The English version is this:

'Doom'd to long suffering from earliest years,
Amidst your parents' grief and pain alone
Cheerful and gay, you smiled to soothe their tears;
And in _their_ agonies forgot your own.
Go, gentle spirit; and among the blest
From grief and pain eternal be thy rest!'

In the Latin, the phrase _e cunis_ does not express _from your cradle upwards_. The second line is faulty in the opposition of _maternas_ to _patris_. And in the fourth line _levis_ conveys a false meaning: _levis_ must mean either _physically light_, _i.e._ not heavy, which is not the sense, or else _tainted with levity_, which is still less the sense. What Lord Wellesley wished to say--was _light-hearted_: this he has _not_ said: but neither is it easy to say it in good Latin.

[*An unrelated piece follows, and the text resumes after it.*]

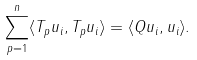Convert formula to latex. <formula><loc_0><loc_0><loc_500><loc_500>\sum _ { p = 1 } ^ { n } \langle T _ { p } u _ { i } , T _ { p } u _ { i } \rangle = \langle Q u _ { i } , u _ { i } \rangle .</formula> 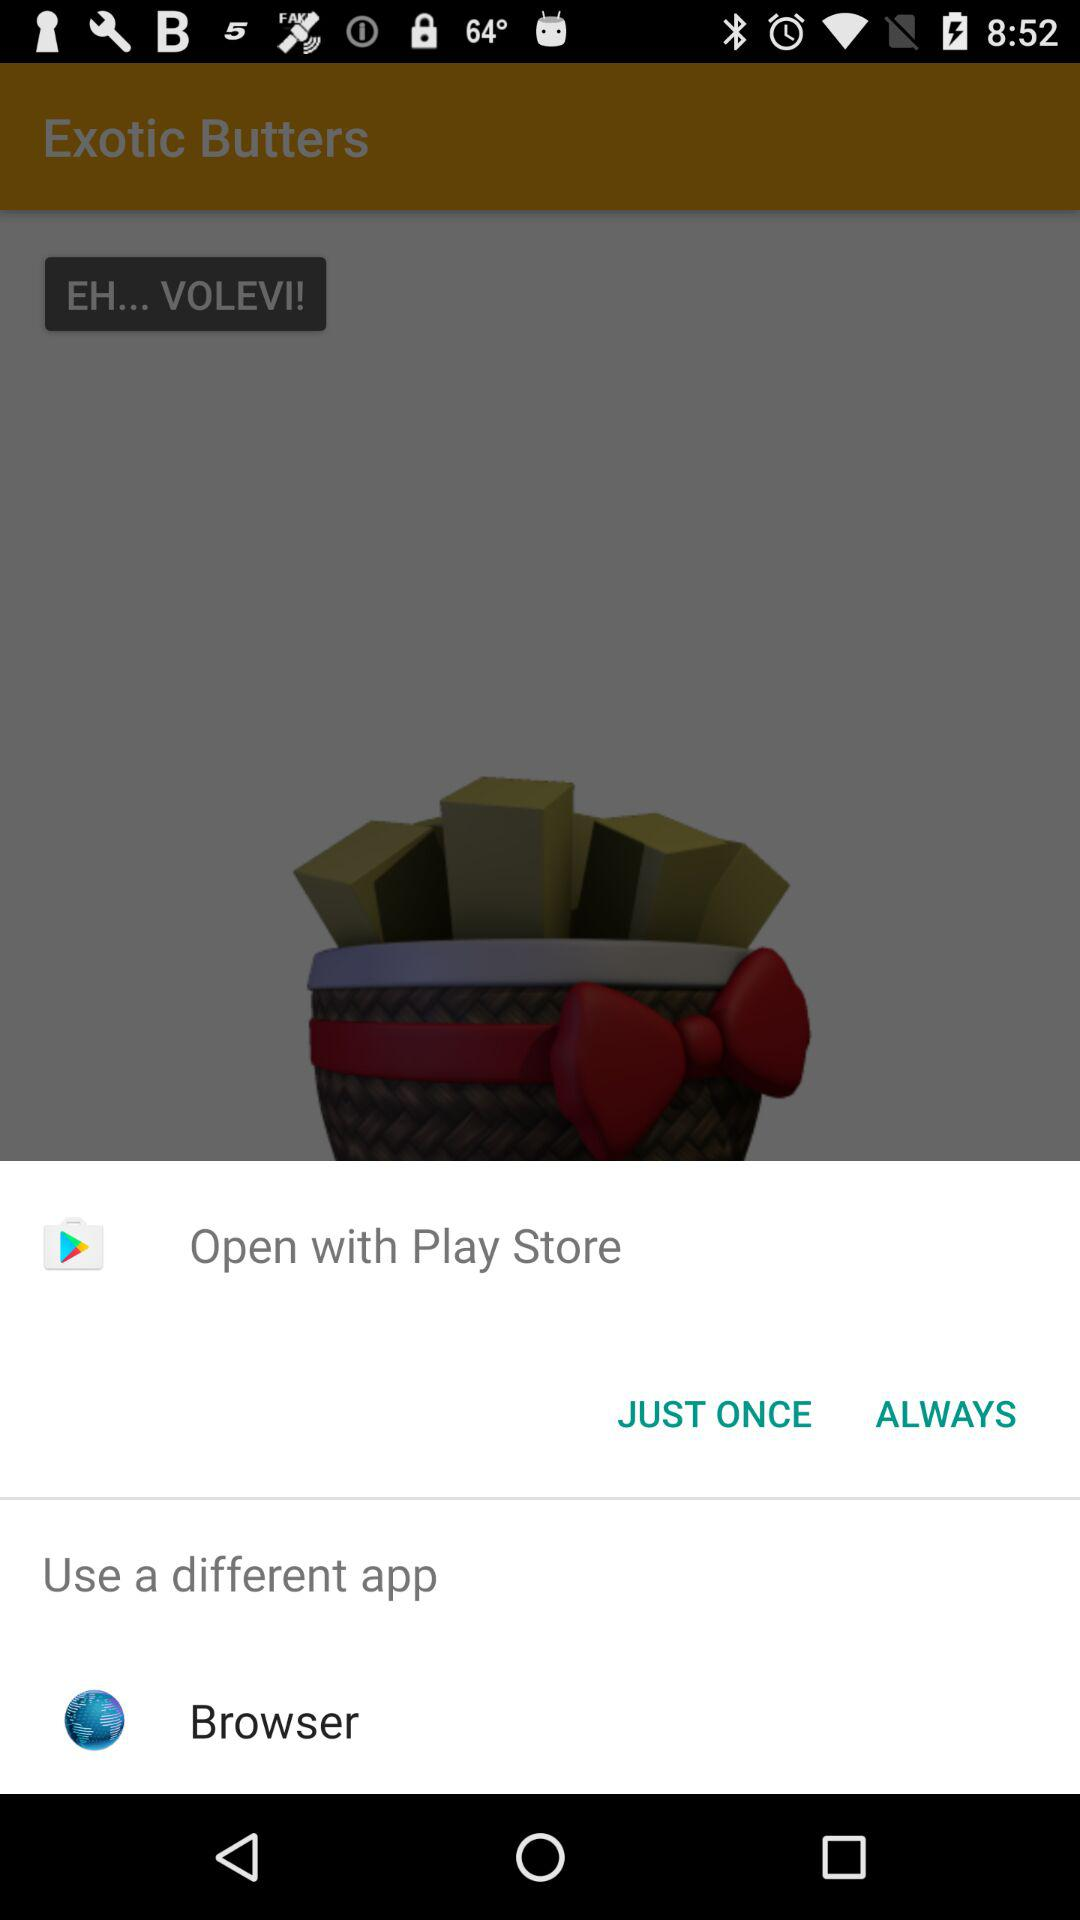How many flavors of exotic butter are there?
When the provided information is insufficient, respond with <no answer>. <no answer>

I complain, however, of the whole as not bringing out Lord Wellesley's own feeling--which feeling is partly expressed in his verses, and partly in his accompanying prose note on Miss Brougham's mournful destiny ('her life was a continual illness') contrasted with her fortitude, her innocent gaiety, and the pious motives with which she supported this gaiety to the last. Not as a direct version, but as filling up the outline of Lord Wellesley, sufficiently indicated by himself, I propose this:--

'Child, that for thirteen years hast fought with pain,
Prompted by joy and depth of natural love,--
Rest now at God's command: oh! not in vain
His angel ofttimes watch'd thee,--oft, above
All pangs, that else had dimm'd thy parents' eyes,
Saw thy young heart victoriously rise.
Rise now for ever, self-forgetting child,
Rise to those choirs, where love like thine is blest,
From pains of flesh--from filial tears assoil'd,
Love which God's hand shall crown with God's own rest.'

FOOTNOTES

[1] Memoirs and Correspondence.

[2] '_As a dissyllable_:'--just as the _Annesley_ family, of which Lord Valentia is the present head, do not pronounce their name trisyllabically (as strangers often suppose), but as the two syllables _Anns lea_, accent on the first.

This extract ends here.